Is my workout efficient?????

Former Member
Former Member
I returned to master swimming at age 36 after 17 years. I work out 1 day a week with our masters team for 1.5 hours and the 3 more times a week on my own. My workout usually consists of a 300 yd warmup ( 3 different strokes) then 10 x 50's on 1 minute. (bringing them in around 30 sec each) The next set is 10 x 100's on 2 min. (bringing them all in under 1:10) Next is 5 x 200's on 4:00 ( bringing them in under 2:30) finally a 200 warmdown. My question is if this is a good workout to build speed and endurance? My times for each set are getting faster. Anyone that could offer advice....thanks
  • Your times are impressive, no doubt about that. However, do you ever get bored doing the same workout 3X weekly?
  • Rob - We are about the same age and I took 10 years off from swimming before coming back to it 5 years ago. Your workout looks good but what I'd probably do is reverse it and start to eliminate some of the rest. By reversing it, you'll do your warm-up and then move into the 200's. This will allow your body to slowly transition from a distance to speed mode as you get to your 50's. I think by jumping from warm-up to the 50's you're overstressing; unless your 50's are drills? Also, by eliminating some rest your times may hold steady but your endurance will increase. Eventually, you'll reach a point where taking away any more rest will be too difficult. If you're like me its in the 1:20 - 1:30 range/100. At this point, keep the interval the same and work on reducing the finish time. Finally, as you get toward the end of the season, start to add back to the rest time for big meets/taper.
  • I agree with waves101. If you reverse the order and eliminate some of the rest, it would be better. That is a great workout to build both endurance and speed. You could add a few 25's all out sprint at the end.
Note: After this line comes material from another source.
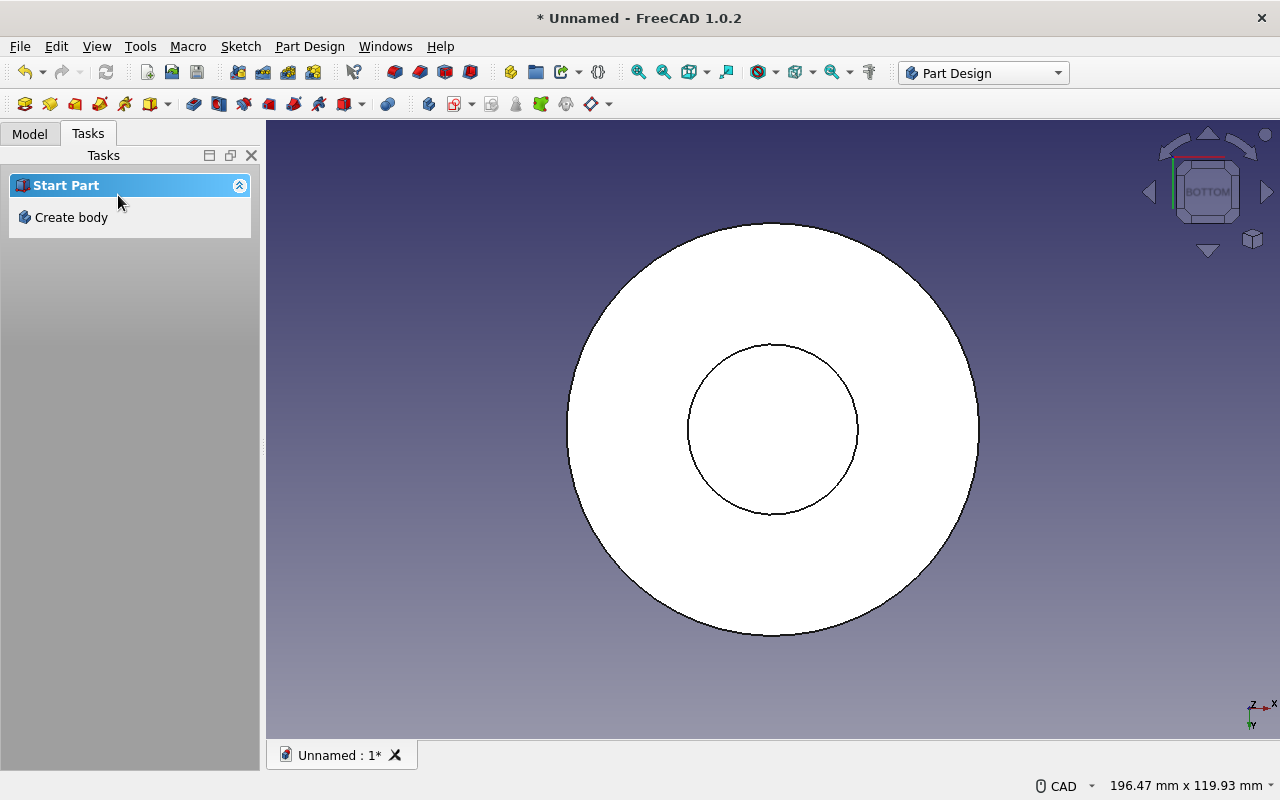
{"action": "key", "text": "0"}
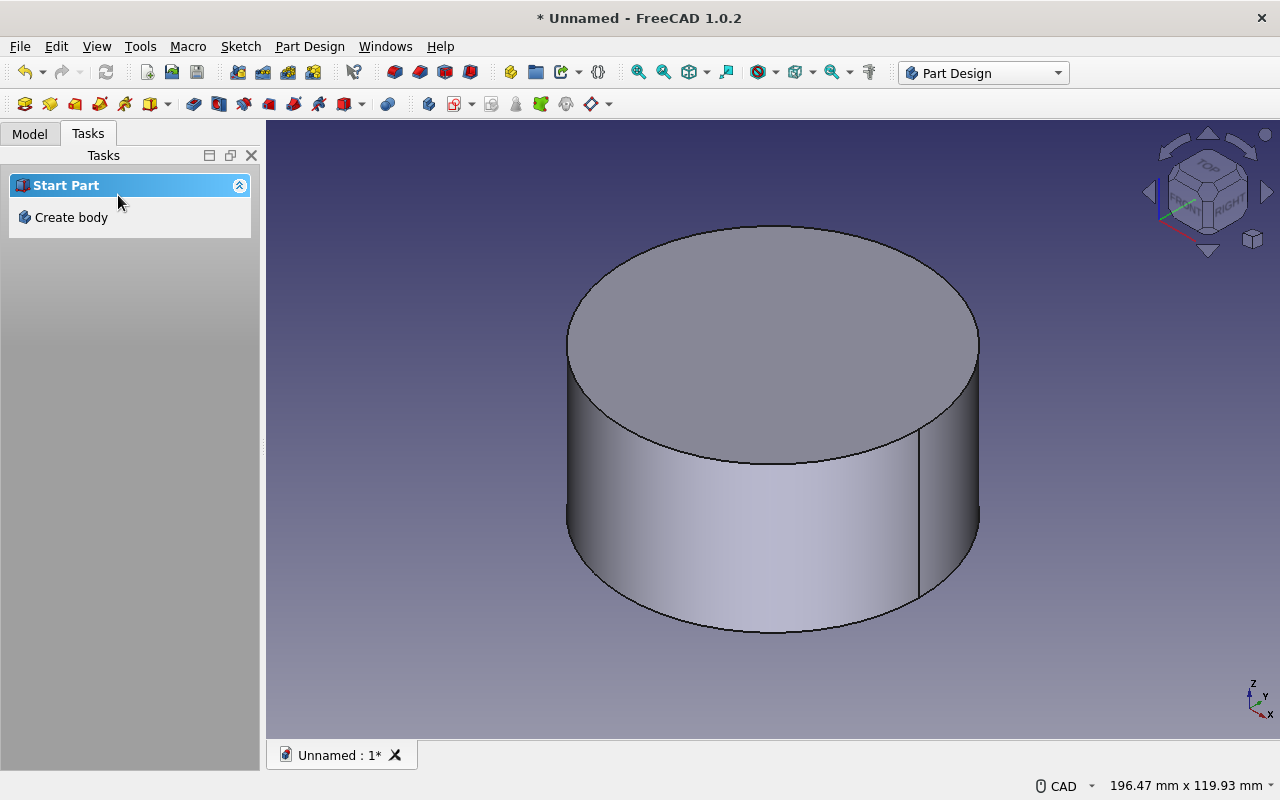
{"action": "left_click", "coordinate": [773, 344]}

Throw in some breath control work and some stroke drills somewhere in your workout. Keep up the good work!
  • Former Member
    Former Member
    you say you have an hour.. my suggestion may do you ..swim the 1500metre in about half an hour starting off steady(warmup)included in the 1500m,you may do a separate warm up if you wish but i find including it allows more sprint sets after the 1500m..when finished rest for about 3-4 mins then do sprint sets whatever ones you wish but youll find if you paced your 1500m well you have plenty of energy to bust your previous times.10 lots of 100m will about take up your hour maybe more if ur fast,distance swims occassionally help sprinters because of the accustomization that happens when you swim constantly for more than 20 mins..ONE BIG WARMUP...hope you try this even if only once!!!!!
  • Your workout looks pretty anaerobic. As others have said, I'd do more swimming at an aerobic pace with considerably less rest, but keep in some of your speed work toward the end of the workout. Perhaps do your 200 set on a 2:30-2:40 sendoff, but still do your 50s on 1:00. I would also add in some drill/technique work, kick sets and pull sets.
  • Former Member
    Former Member
    yes sometimes, and I do vary it from time to time (usually meaning varying the strokes), but I just seem to be able to push myself with this workout> It also fits perfectly in the alotted time frame (1 hour).
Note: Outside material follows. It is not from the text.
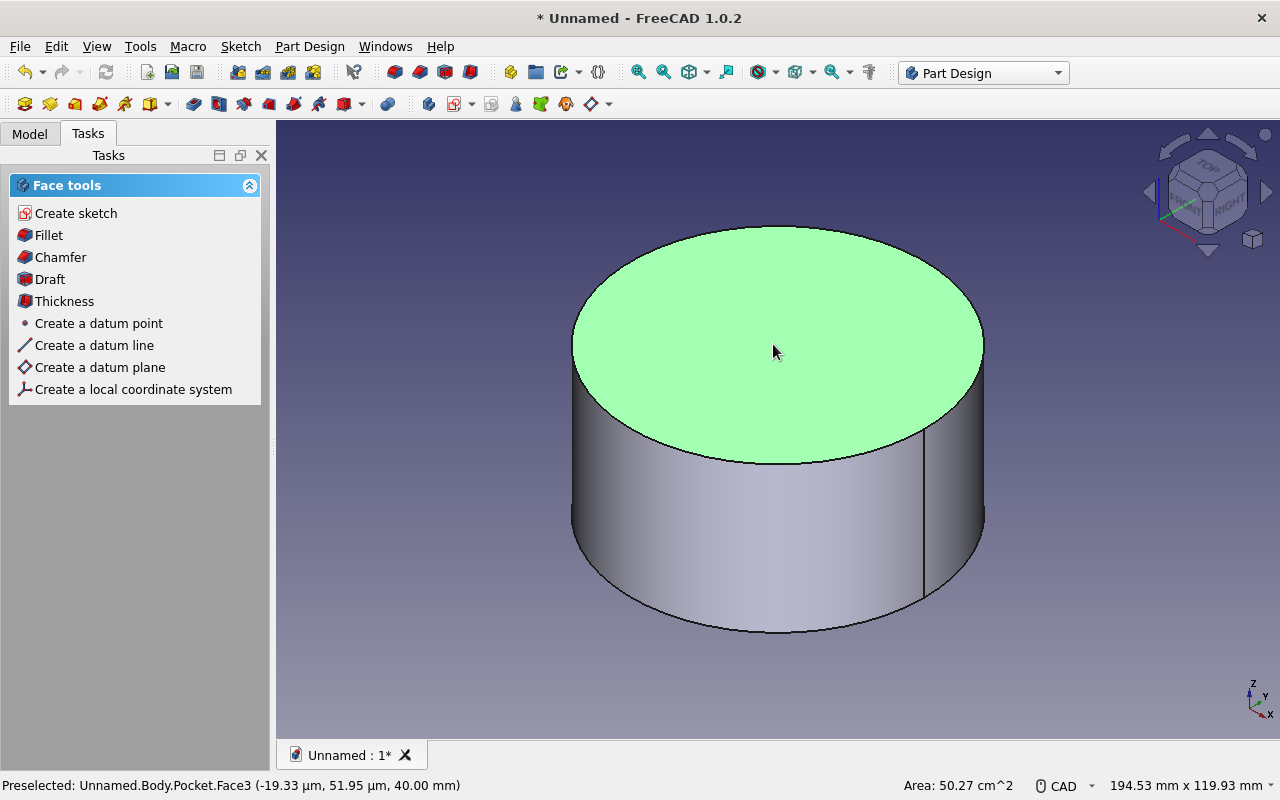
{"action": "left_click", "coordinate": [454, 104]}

  • To your question “Is my workout efficient?????” Others have provided some good suggestions for variety in workouts, so let me take a little different look at this. The answer to the question depends on your goals. As an obvious ex-high school swimmer, you have most likely had goals you and your coach set to focus on championship meets. Those for the most part were short term 3 to 6 month goals. Now your goals can be short term (getting ready for an upcoming meet) or longer term (loosing the weight we put on during the 17 years away from swimming) to long term goals/objectives (developing a fitness lifestyle). Of course your goals will vary and many of us don’t have specific goals at all, we swim because we enjoy the moment and the people. So is your workout efficient? If you feel you are moving towards achieving your goals and effectively using the time available, then yes it is efficient. Can the workouts be more efficient? Probably yes, but it should goal based.